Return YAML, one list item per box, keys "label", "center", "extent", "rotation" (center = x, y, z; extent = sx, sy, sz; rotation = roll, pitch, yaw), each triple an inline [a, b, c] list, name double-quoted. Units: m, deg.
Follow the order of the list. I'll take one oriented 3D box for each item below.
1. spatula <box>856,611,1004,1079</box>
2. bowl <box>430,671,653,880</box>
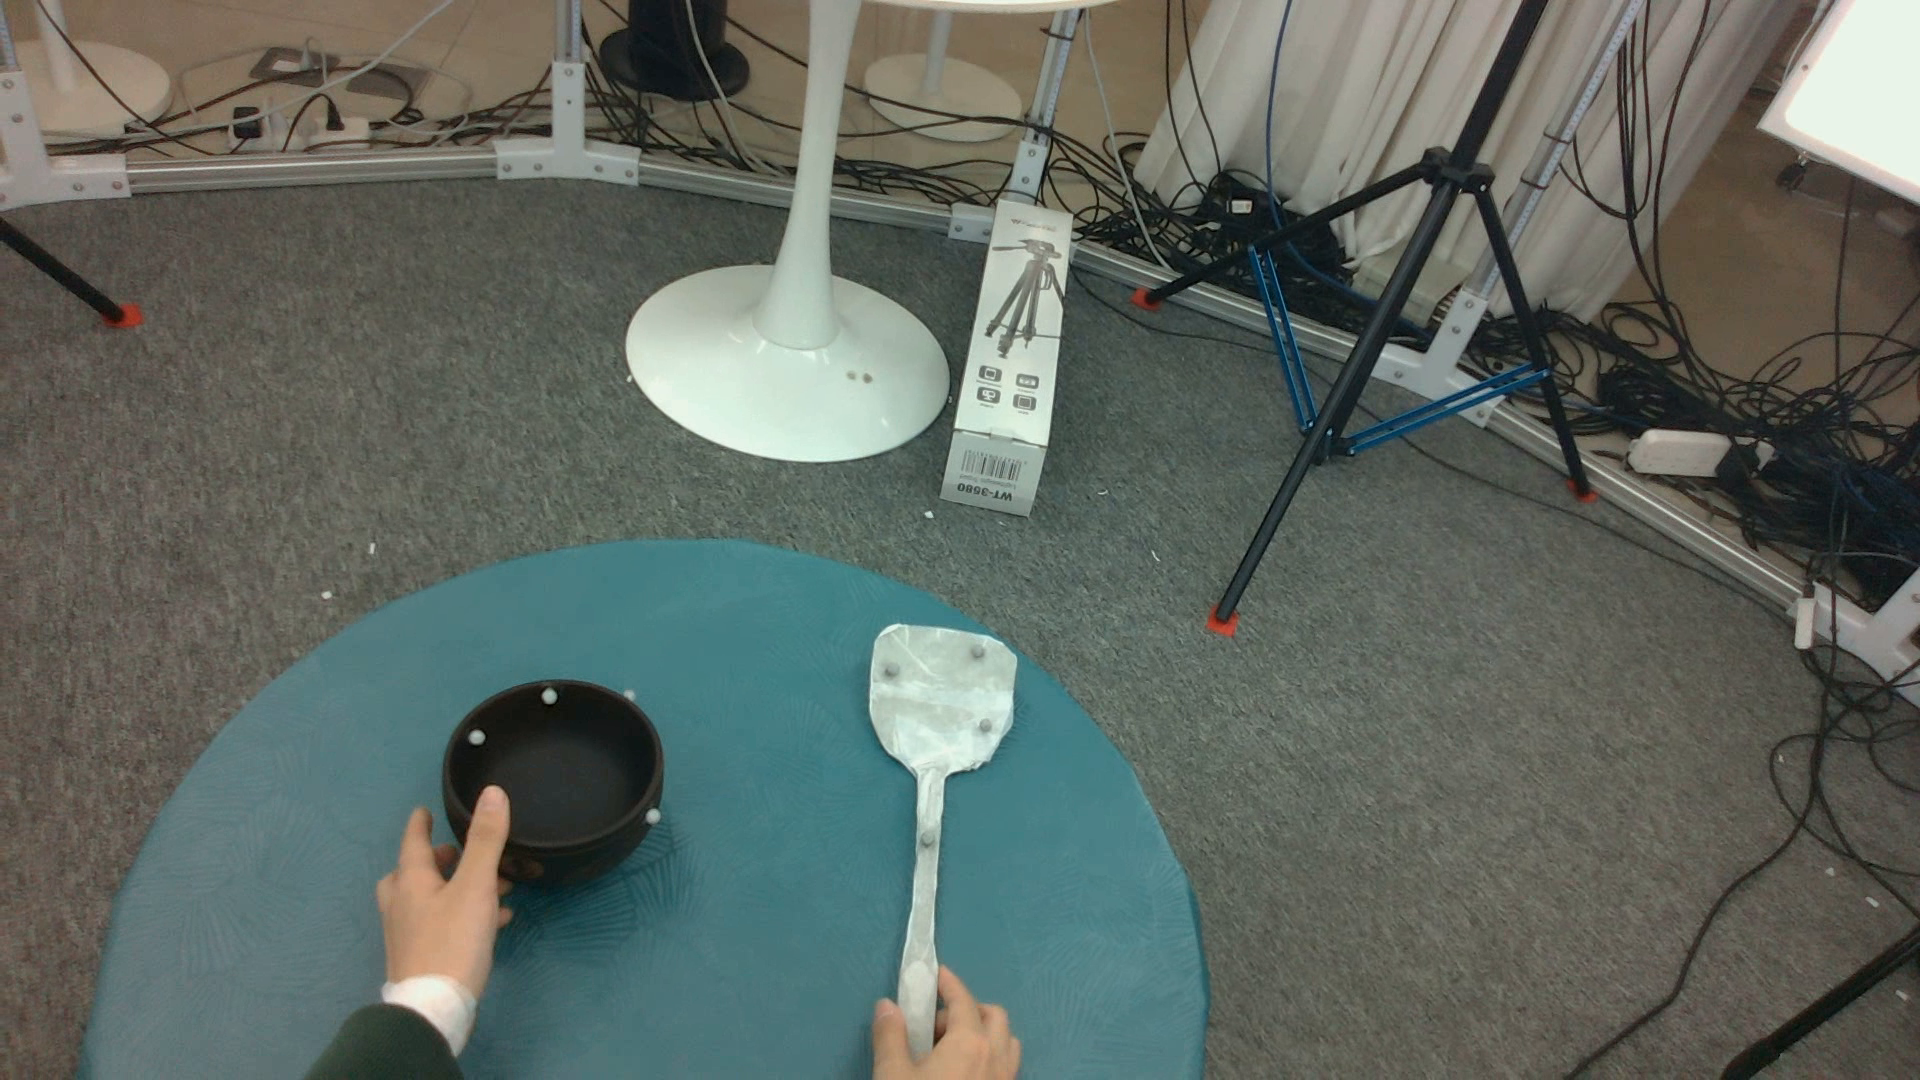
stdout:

• **What to produce**
Could you write out exactly the lines running from the one with "1. spatula <box>856,611,1004,1079</box>" through the last line of the data above, both ends kept, and omit any picture?

• **Task result**
1. spatula <box>856,611,1004,1079</box>
2. bowl <box>430,671,653,880</box>
stdout:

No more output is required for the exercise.